2Step 2: Understanding Conservation of Momentum
The principle of conservation of momentum states that the total momentum of a closed system before the event (loading) must be equal to the total momentum of the system after the event, assuming no external forces are acting.
3Step 3: Calculating Initial Momentum
Calculate the initial momentum of the truck before loading: \[ p_{ ext{initial}} = m_{ ext{truck}} \times v_{ ext{truck}} = 1600 \, \mathrm{kg} \times 2.5 \, \mathrm{m/s} = 4000 \, \mathrm{kg} \cdot \mathrm{m/s} \]

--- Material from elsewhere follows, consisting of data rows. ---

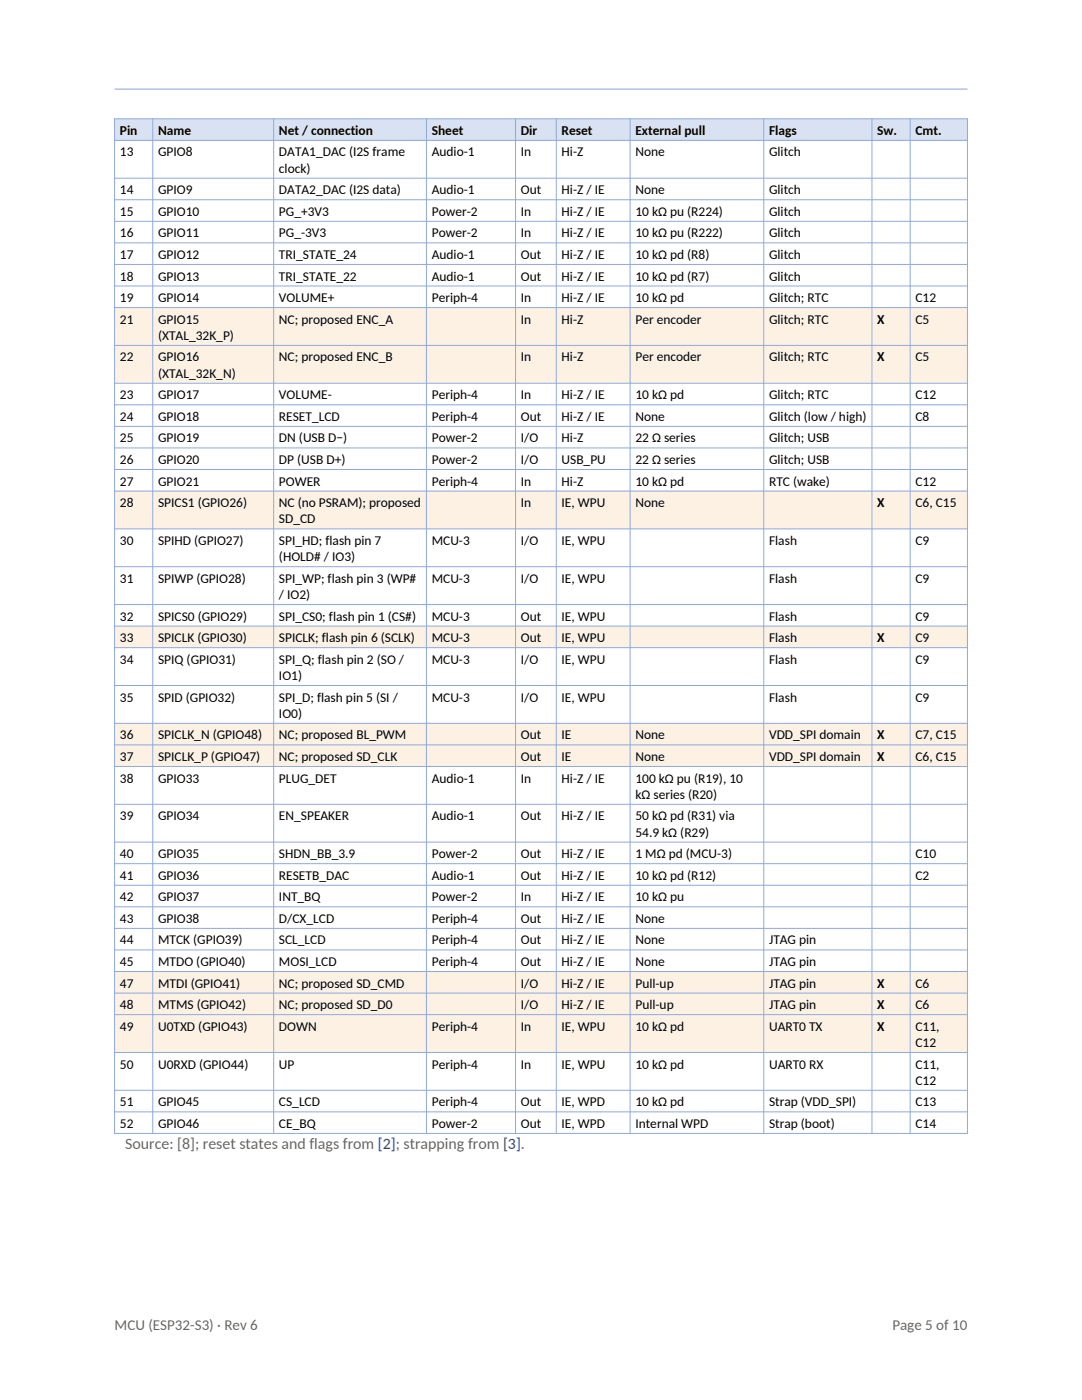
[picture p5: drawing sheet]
<svg xmlns="http://www.w3.org/2000/svg" width="216mm" height="279mm" viewBox="0 0 216 279" stroke-linecap="round" stroke-linejoin="round" font-family="sans-serif">
<defs><g id="words">
<text font-size="3.2" fill="#666" x="25" y="229.4">Source: [8]; reset states and flags from [2]; strapping from [3].</text>
<g font-size="3" fill="#666">
<text x="22.9" y="265.4">MCU (ESP32-S3) · Rev 6</text>
<text x="178.1" y="265.4">Page 5 of 10</text>
</g>
<g font-size="2.7">
<text x="23.9" y="26.9">Pin</text>
<text x="31.5" y="26.9">Name</text>
<text x="55.7" y="26.9">Net / connection</text>
<text x="86.1" y="26.9">Sheet</text>
<text x="103.9" y="26.9">Dir</text>
<text x="112.1" y="26.9">Reset</text>
<text x="126.8" y="26.9">External pull</text>
<text x="153.5" y="26.9">Flags</text>
<text x="175" y="26.9">Sw.</text>
<text x="182.7" y="26.9">Cmt.</text>
<text x="23.9" y="31.2">13</text>
<text x="31.5" y="31.2">GPIO8</text>
<text x="55.7" y="31.2">DATA1_DAC (I2S frame</text>
<text x="55.7" y="34.5">clock)</text>
<text x="86.1" y="31.2">Audio-1</text>
<text x="103.9" y="31.2">In</text>
<text x="112.1" y="31.2">Hi-Z</text>
<text x="126.8" y="31.2">None</text>
<text x="153.5" y="31.2">Glitch</text>
<text x="23.9" y="38.8">14</text>
<text x="31.5" y="38.8">GPIO9</text>
<text x="55.7" y="38.8">DATA2_DAC (I2S data)</text>
<text x="86.1" y="38.8">Audio-1</text>
<text x="103.9" y="38.8">Out</text>
<text x="112.1" y="38.8">Hi-Z / IE</text>
<text x="126.8" y="38.8">None</text>
<text x="153.5" y="38.8">Glitch</text>
<text x="23.9" y="43.1">15</text>
<text x="23.9" y="47.4">16</text>
<text x="31.5" y="43.1">GPIO10</text>
<text x="31.5" y="47.4">GPIO11</text>
<text x="55.7" y="43.1">PG_+3V3</text>
<text x="55.7" y="47.4">PG_-3V3</text>
<text x="86.1" y="43.1">Power-2</text>
<text x="86.1" y="47.4">Power-2</text>
<text x="103.9" y="43.1">In</text>
<text x="103.9" y="47.4">In</text>
<text x="112.1" y="43.1">Hi-Z / IE</text>
<text x="112.1" y="47.4">Hi-Z / IE</text>
<text x="126.8" y="43.1">10 kΩ pu (R224)</text>
<text x="126.8" y="47.4">10 kΩ pu (R222)</text>
<text x="153.5" y="43.1">Glitch</text>
<text x="153.5" y="47.4">Glitch</text>
<text x="23.9" y="51.7">17</text>
<text x="31.5" y="51.7">GPIO12</text>
<text x="55.7" y="51.7">TRI_STATE_24</text>
<text x="86.1" y="51.7">Audio-1</text>
<text x="103.9" y="51.7">Out</text>
<text x="112.1" y="51.7">Hi-Z / IE</text>
<text x="126.8" y="51.7">10 kΩ pd (R8)</text>
<text x="153.5" y="51.7">Glitch</text>
<text x="23.9" y="56">18</text>
<text x="31.5" y="56">GPIO13</text>
<text x="55.7" y="56">TRI_STATE_22</text>
<text x="86.1" y="56">Audio-1</text>
<text x="103.9" y="56">Out</text>
<text x="112.1" y="56">Hi-Z / IE</text>
<text x="126.8" y="56">10 kΩ pd (R7)</text>
<text x="153.5" y="56">Glitch</text>
<text x="23.9" y="60.3">19</text>
<text x="23.9" y="64.6">21</text>
<text x="31.5" y="60.3">GPIO14</text>
<text x="31.5" y="64.6">GPIO15</text>
<text x="55.7" y="60.3">VOLUME+</text>
<text x="55.7" y="64.6">NC; proposed ENC_A</text>
<text x="86.1" y="60.3">Periph-4</text>
<text x="103.9" y="60.3">In</text>
<text x="103.9" y="64.6">In</text>
<text x="112.1" y="60.3">Hi-Z / IE</text>
<text x="112.1" y="64.6">Hi-Z</text>
<text x="126.8" y="60.3">10 kΩ pd</text>
<text x="126.8" y="64.6">Per encoder</text>
<text x="153.5" y="60.3">Glitch; RTC</text>
<text x="153.5" y="64.6">Glitch; RTC</text>
<text x="175" y="64.6">X</text>
<text x="182.7" y="60.3">C12</text>
<text x="182.7" y="64.6">C5</text>
<text x="31.5" y="67.8">(XTAL_32K_P)</text>
<text x="23.9" y="72.1">22</text>
<text x="31.5" y="72.1">GPIO16</text>
<text x="31.5" y="75.4">(XTAL_32K_N)</text>
<text x="55.7" y="72.1">NC; proposed ENC_B</text>
<text x="103.9" y="72.1">In</text>
<text x="112.1" y="72.1">Hi-Z</text>
<text x="126.8" y="72.1">Per encoder</text>
<text x="153.5" y="72.1">Glitch; RTC</text>
<text x="175" y="72.1">X</text>
<text x="182.7" y="72.1">C5</text>
<text x="23.9" y="79.7">23</text>
<text x="23.9" y="84">24</text>
<text x="31.5" y="79.7">GPIO17</text>
<text x="31.5" y="84">GPIO18</text>
<text x="55.7" y="79.7">VOLUME-</text>
<text x="55.7" y="84">RESET_LCD</text>
<text x="86.1" y="79.7">Periph-4</text>
<text x="86.1" y="84">Periph-4</text>
<text x="103.9" y="79.7">In</text>
<text x="103.9" y="84">Out</text>
<text x="112.1" y="79.7">Hi-Z / IE</text>
<text x="112.1" y="84">Hi-Z / IE</text>
<text x="126.8" y="79.7">10 kΩ pd</text>
<text x="126.8" y="84">None</text>
<text x="153.5" y="79.7">Glitch; RTC</text>
<text x="153.5" y="84">Glitch (low / high)</text>
<text x="182.7" y="79.7">C12</text>
<text x="182.7" y="84">C8</text>
<text x="23.9" y="88.3">25</text>
<text x="31.5" y="88.3">GPIO19</text>
<text x="55.7" y="88.3">DN (USB D−)</text>
<text x="86.1" y="88.3">Power-2</text>
<text x="103.9" y="88.3">I/O</text>
<text x="112.1" y="88.3">Hi-Z</text>
<text x="126.8" y="88.3">22 Ω series</text>
<text x="153.5" y="88.3">Glitch; USB</text>
<text x="23.9" y="92.6">26</text>
<text x="31.5" y="92.6">GPIO20</text>
<text x="55.7" y="92.6">DP (USB D+)</text>
<text x="86.1" y="92.6">Power-2</text>
<text x="103.9" y="92.6">I/O</text>
<text x="112.1" y="92.6">USB_PU</text>
<text x="126.8" y="92.6">22 Ω series</text>
<text x="153.5" y="92.6">Glitch; USB</text>
<text x="23.9" y="96.9">27</text>
<text x="23.9" y="101.2">28</text>
<text x="31.5" y="96.9">GPIO21</text>
<text x="31.5" y="101.2">SPICS1 (GPIO26)</text>
<text x="55.7" y="96.9">POWER</text>
<text x="55.7" y="101.2">NC (no PSRAM); proposed</text>
<text x="86.1" y="96.9">Periph-4</text>
<text x="103.9" y="96.9">In</text>
<text x="103.9" y="101.2">In</text>
<text x="112.1" y="96.9">Hi-Z</text>
<text x="112.1" y="101.2">IE, WPU</text>
<text x="126.8" y="96.9">10 kΩ pd</text>
<text x="126.8" y="101.2">None</text>
<text x="153.5" y="96.9">RTC (wake)</text>
<text x="175" y="101.2">X</text>
<text x="182.7" y="96.9">C12</text>
<text x="182.7" y="101.2">C6, C15</text>
<text x="55.7" y="104.5">SD_CD</text>
<text x="23.9" y="108.8">30</text>
<text x="31.5" y="108.8">SPIHD (GPIO27)</text>
<text x="55.7" y="108.8">SPI_HD; flash pin 7</text>
<text x="55.7" y="112">(HOLD# / IO3)</text>
<text x="86.1" y="108.8">MCU-3</text>
<text x="103.9" y="108.8">I/O</text>
<text x="112.1" y="108.8">IE, WPU</text>
<text x="153.5" y="108.8">Flash</text>
<text x="182.7" y="108.8">C9</text>
<text x="23.9" y="116.3">31</text>
<text x="31.5" y="116.3">SPIWP (GPIO28)</text>
<text x="55.7" y="116.3">SPI_WP; flash pin 3 (WP#</text>
<text x="55.7" y="119.6">/ IO2)</text>
<text x="86.1" y="116.3">MCU-3</text>
<text x="103.9" y="116.3">I/O</text>
<text x="112.1" y="116.3">IE, WPU</text>
<text x="153.5" y="116.3">Flash</text>
<text x="182.7" y="116.3">C9</text>
<text x="23.9" y="123.9">32</text>
<text x="31.5" y="123.9">SPICS0 (GPIO29)</text>
<text x="55.7" y="123.9">SPI_CS0; flash pin 1 (CS#)</text>
<text x="86.1" y="123.9">MCU-3</text>
<text x="103.9" y="123.9">Out</text>
<text x="112.1" y="123.9">IE, WPU</text>
<text x="153.5" y="123.9">Flash</text>
<text x="182.7" y="123.9">C9</text>
<text x="23.9" y="128.2">33</text>
<text x="31.5" y="128.2">SPICLK (GPIO30)</text>
<text x="55.7" y="128.2">SPICLK; flash pin 6 (SCLK)</text>
<text x="86.1" y="128.2">MCU-3</text>
<text x="103.9" y="128.2">Out</text>
<text x="112.1" y="128.2">IE, WPU</text>
<text x="153.5" y="128.2">Flash</text>
<text x="175" y="128.2">X</text>
<text x="182.7" y="128.2">C9</text>
<text x="23.9" y="132.5">34</text>
<text x="31.5" y="132.5">SPIQ (GPIO31)</text>
<text x="55.7" y="132.5">SPI_Q; flash pin 2 (SO /</text>
<text x="55.7" y="135.7">IO1)</text>
<text x="86.1" y="132.5">MCU-3</text>
<text x="103.9" y="132.5">I/O</text>
<text x="112.1" y="132.5">IE, WPU</text>
<text x="153.5" y="132.5">Flash</text>
<text x="182.7" y="132.5">C9</text>
<text x="23.9" y="140">35</text>
<text x="31.5" y="140">SPID (GPIO32)</text>
<text x="55.7" y="140">SPI_D; flash pin 5 (SI /</text>
<text x="55.7" y="143.3">IO0)</text>
<text x="86.1" y="140">MCU-3</text>
<text x="103.9" y="140">I/O</text>
<text x="112.1" y="140">IE, WPU</text>
<text x="153.5" y="140">Flash</text>
<text x="182.7" y="140">C9</text>
<text x="23.9" y="147.6">36</text>
<text x="31.5" y="147.6">SPICLK_N (GPIO48)</text>
<text x="55.7" y="147.6">NC; proposed BL_PWM</text>
<text x="103.9" y="147.6">Out</text>
<text x="112.1" y="147.6">IE</text>
<text x="126.8" y="147.6">None</text>
<text x="153.5" y="147.6">VDD_SPI domain</text>
<text x="175" y="147.6">X</text>
<text x="182.7" y="147.6">C7, C15</text>
<text x="23.9" y="151.9">37</text>
<text x="31.5" y="151.9">SPICLK_P (GPIO47)</text>
<text x="55.7" y="151.9">NC; proposed SD_CLK</text>
<text x="103.9" y="151.9">Out</text>
<text x="112.1" y="151.9">IE</text>
<text x="126.8" y="151.9">None</text>
<text x="153.5" y="151.9">VDD_SPI domain</text>
<text x="175" y="151.9">X</text>
<text x="182.7" y="151.9">C6, C15</text>
<text x="23.9" y="156.2">38</text>
<text x="31.5" y="156.2">GPIO33</text>
<text x="55.7" y="156.2">PLUG_DET</text>
<text x="86.1" y="156.2">Audio-1</text>
<text x="103.9" y="156.2">In</text>
<text x="112.1" y="156.2">Hi-Z / IE</text>
<text x="126.8" y="156.2">100 kΩ pu (R19), 10</text>
<text x="126.8" y="159.4">kΩ series (R20)</text>
<text x="23.9" y="163.7">39</text>
<text x="31.5" y="163.7">GPIO34</text>
<text x="55.7" y="163.7">EN_SPEAKER</text>
<text x="86.1" y="163.7">Audio-1</text>
<text x="103.9" y="163.7">Out</text>
<text x="112.1" y="163.7">Hi-Z / IE</text>
<text x="126.8" y="163.7">50 kΩ pd (R31) via</text>
<text x="126.8" y="167">54.9 kΩ (R29)</text>
<text x="23.9" y="171.3">40</text>
<text x="31.5" y="171.3">GPIO35</text>
<text x="55.7" y="171.3">SHDN_BB_3.9</text>
<text x="86.1" y="171.3">Power-2</text>
<text x="103.9" y="171.3">Out</text>
<text x="112.1" y="171.3">Hi-Z / IE</text>
<text x="126.8" y="171.3">1 MΩ pd (MCU-3)</text>
<text x="182.7" y="171.3">C10</text>
<text x="23.9" y="175.6">41</text>
<text x="23.9" y="179.9">42</text>
<text x="31.5" y="175.6">GPIO36</text>
<text x="31.5" y="179.9">GPIO37</text>
<text x="55.7" y="175.6">RESETB_DAC</text>
<text x="55.7" y="179.9">INT_BQ</text>
<text x="86.1" y="175.6">Audio-1</text>
<text x="86.1" y="179.9">Power-2</text>
<text x="103.9" y="175.6">Out</text>
<text x="103.9" y="179.9">In</text>
<text x="112.1" y="175.6">Hi-Z / IE</text>
<text x="112.1" y="179.9">Hi-Z / IE</text>
<text x="126.8" y="175.6">10 kΩ pd (R12)</text>
<text x="126.8" y="179.9">10 kΩ pu</text>
<text x="182.7" y="175.6">C2</text>
<text x="23.9" y="184.2">43</text>
<text x="31.5" y="184.2">GPIO38</text>
<text x="55.7" y="184.2">D/CX_LCD</text>
<text x="86.1" y="184.2">Periph-4</text>
<text x="103.9" y="184.2">Out</text>
<text x="112.1" y="184.2">Hi-Z / IE</text>
<text x="126.8" y="184.2">None</text>
<text x="23.9" y="188.5">44</text>
<text x="31.5" y="188.5">MTCK (GPIO39)</text>
<text x="55.7" y="188.5">SCL_LCD</text>
<text x="86.1" y="188.5">Periph-4</text>
<text x="103.9" y="188.5">Out</text>
<text x="112.1" y="188.5">Hi-Z / IE</text>
<text x="126.8" y="188.5">None</text>
<text x="153.5" y="188.5">JTAG pin</text>
<text x="23.9" y="192.8">45</text>
<text x="23.9" y="197.1">47</text>
<text x="31.5" y="192.8">MTDO (GPIO40)</text>
<text x="31.5" y="197.1">MTDI (GPIO41)</text>
<text x="55.7" y="192.8">MOSI_LCD</text>
<text x="55.7" y="197.1">NC; proposed SD_CMD</text>
<text x="86.1" y="192.8">Periph-4</text>
<text x="103.9" y="192.8">Out</text>
<text x="103.9" y="197.1">I/O</text>
<text x="112.1" y="192.8">Hi-Z / IE</text>
<text x="112.1" y="197.1">Hi-Z / IE</text>
<text x="126.8" y="192.8">None</text>
<text x="126.8" y="197.1">Pull-up</text>
<text x="153.5" y="192.8">JTAG pin</text>
<text x="153.5" y="197.1">JTAG pin</text>
<text x="175" y="197.1">X</text>
<text x="182.7" y="197.1">C6</text>
<text x="23.9" y="201.4">48</text>
<text x="31.5" y="201.4">MTMS (GPIO42)</text>
<text x="55.7" y="201.4">NC; proposed SD_D0</text>
<text x="103.9" y="201.4">I/O</text>
<text x="112.1" y="201.4">Hi-Z / IE</text>
<text x="126.8" y="201.4">Pull-up</text>
<text x="153.5" y="201.4">JTAG pin</text>
<text x="175" y="201.4">X</text>
<text x="182.7" y="201.4">C6</text>
<text x="23.9" y="205.7">49</text>
<text x="31.5" y="205.7">U0TXD (GPIO43)</text>
<text x="55.7" y="205.7">DOWN</text>
<text x="86.1" y="205.7">Periph-4</text>
<text x="103.9" y="205.7">In</text>
<text x="112.1" y="205.7">IE, WPU</text>
<text x="126.8" y="205.7">10 kΩ pd</text>
<text x="153.5" y="205.7">UART0 TX</text>
<text x="175" y="205.7">X</text>
<text x="182.7" y="205.7">C11,</text>
<text x="182.7" y="209">C12</text>
<text x="23.9" y="213.3">50</text>
<text x="31.5" y="213.3">U0RXD (GPIO44)</text>
<text x="55.7" y="213.3">UP</text>
<text x="86.1" y="213.3">Periph-4</text>
<text x="103.9" y="213.3">In</text>
<text x="112.1" y="213.3">IE, WPU</text>
<text x="126.8" y="213.3">10 kΩ pd</text>
<text x="153.5" y="213.3">UART0 RX</text>
<text x="182.7" y="213.3">C11,</text>
<text x="23.9" y="220.8">51</text>
<text x="31.5" y="220.8">GPIO45</text>
<text x="55.7" y="220.8">CS_LCD</text>
<text x="86.1" y="220.8">Periph-4</text>
<text x="103.9" y="220.8">Out</text>
<text x="112.1" y="220.8">IE, WPD</text>
<text x="126.8" y="220.8">10 kΩ pd</text>
<text x="153.5" y="220.8">Strap (VDD_SPI)</text>
<text x="182.7" y="216.5">C12</text>
<text x="182.7" y="220.8">C13</text>
<text x="23.9" y="225.1">52</text>
<text x="31.5" y="225.1">GPIO46</text>
<text x="55.7" y="225.1">CE_BQ</text>
<text x="86.1" y="225.1">Power-2</text>
<text x="103.9" y="225.1">Out</text>
<text x="112.1" y="225.1">IE, WPD</text>
<text x="126.8" y="225.1">Internal WPD</text>
<text x="153.5" y="225.1">Strap (boot)</text>
<text x="182.7" y="225.1">C14</text>
</g>
</g></defs>
<path d="M22.9 23.7h170.1v4.3h-170.1z" fill-rule="evenodd" fill="#d9e2f3"/>
<g fill="#fdf1e4">
<path d="M22.9 61.4h170.1v7.5h-170.1z" fill-rule="evenodd"/>
<path d="M22.9 68.9h170.1v7.6h-170.1z" fill-rule="evenodd"/>
<path d="M22.9 98h170.1v7.6h-170.1z" fill-rule="evenodd"/>
<path d="M22.9 125h170.1v4.3h-170.1z" fill-rule="evenodd"/>
<path d="M22.9 144.4h170.1v4.3h-170.1z" fill-rule="evenodd"/>
<path d="M22.9 148.7h170.1v4.3h-170.1z" fill-rule="evenodd"/>
<path d="M22.9 193.9h170.1v4.3h-170.1z" fill-rule="evenodd"/>
<path d="M22.9 198.2h170.1v4.3h-170.1z" fill-rule="evenodd"/>
<path d="M22.9 202.5h170.1v7.5h-170.1z" fill-rule="evenodd"/>
</g>
<g fill="none" stroke="#8ea9db" stroke-width=".2">
<path d="M22.9 23.7h170.1v202.5h-170.1zM22.9 28h170.1M22.9 35.6h170.1M22.9 39.9h170.1M30.5 23.7v202.5M54.6 23.7v202.5M85.1 23.7v202.5M102.9 23.7v202.5M111 23.7v202.5M125.7 23.7v202.5M152.4 23.7v202.5M174 23.7v202.5"/>
<path d="M181.6 23.7v202.5M22.9 44.2h170.1M22.9 48.5h170.1M22.9 52.8h170.1M22.9 57.1h170.1M22.9 61.4h170.1M22.9 68.9h170.1M22.9 76.5h170.1M22.9 80.8h170.1M22.9 85.1h170.1M22.9 89.4h170.1M22.9 93.7h170.1"/>
<path d="M22.9 98h170.1M22.9 105.6h170.1M22.9 113.1h170.1M22.9 120.6h170.1M22.9 125h170.1M22.9 129.3h170.1M22.9 136.8h170.1M22.9 144.4h170.1M22.9 148.7h170.1M22.9 153h170.1M22.9 160.5h170.1M22.9 168.1h170.1"/>
<path d="M22.9 172.4h170.1M22.9 176.7h170.1M22.9 181h170.1M22.9 185.3h170.1M22.9 189.6h170.1M22.9 193.9h170.1M22.9 198.2h170.1M22.9 202.5h170.1M22.9 210h170.1M22.9 217.6h170.1M22.9 221.9h170.1"/>
</g>
<path d="M22.9 17.8h170.1" fill="none" stroke="#8ea9db" stroke-width=".21"/>
<use href="#words"/>
</svg>

4Step 4: Calculating Final Mass After Loading
After loading, the total mass of the truck and the additional load is:\[ m_{ ext{final}} = 1600 \, \mathrm{kg} + 3500 \, \mathrm{kg} = 5100 \, \mathrm{kg} \]
5Step 5: Calculating Final Velocity Using Conservation of Momentum
By the conservation of momentum, the initial momentum equals the final momentum. Let \(v_{ ext{final}}\) be the final velocity of the truck. Therefore:\[ p_{ ext{initial}} = p_{ ext{final}} \]\[ 1600 \, \mathrm{kg} \cdot 2.5 \, \mathrm{m/s} = 5100 \, \mathrm{kg} \cdot v_{ ext{final}} \]Solving for \(v_{ ext{final}}\):\[ v_{ ext{final}} = \frac{4000 \, \mathrm{kg} \cdot \mathrm{m/s}}{5100 \, \mathrm{kg}} \approx 0.7843 \, \mathrm{m/s} \]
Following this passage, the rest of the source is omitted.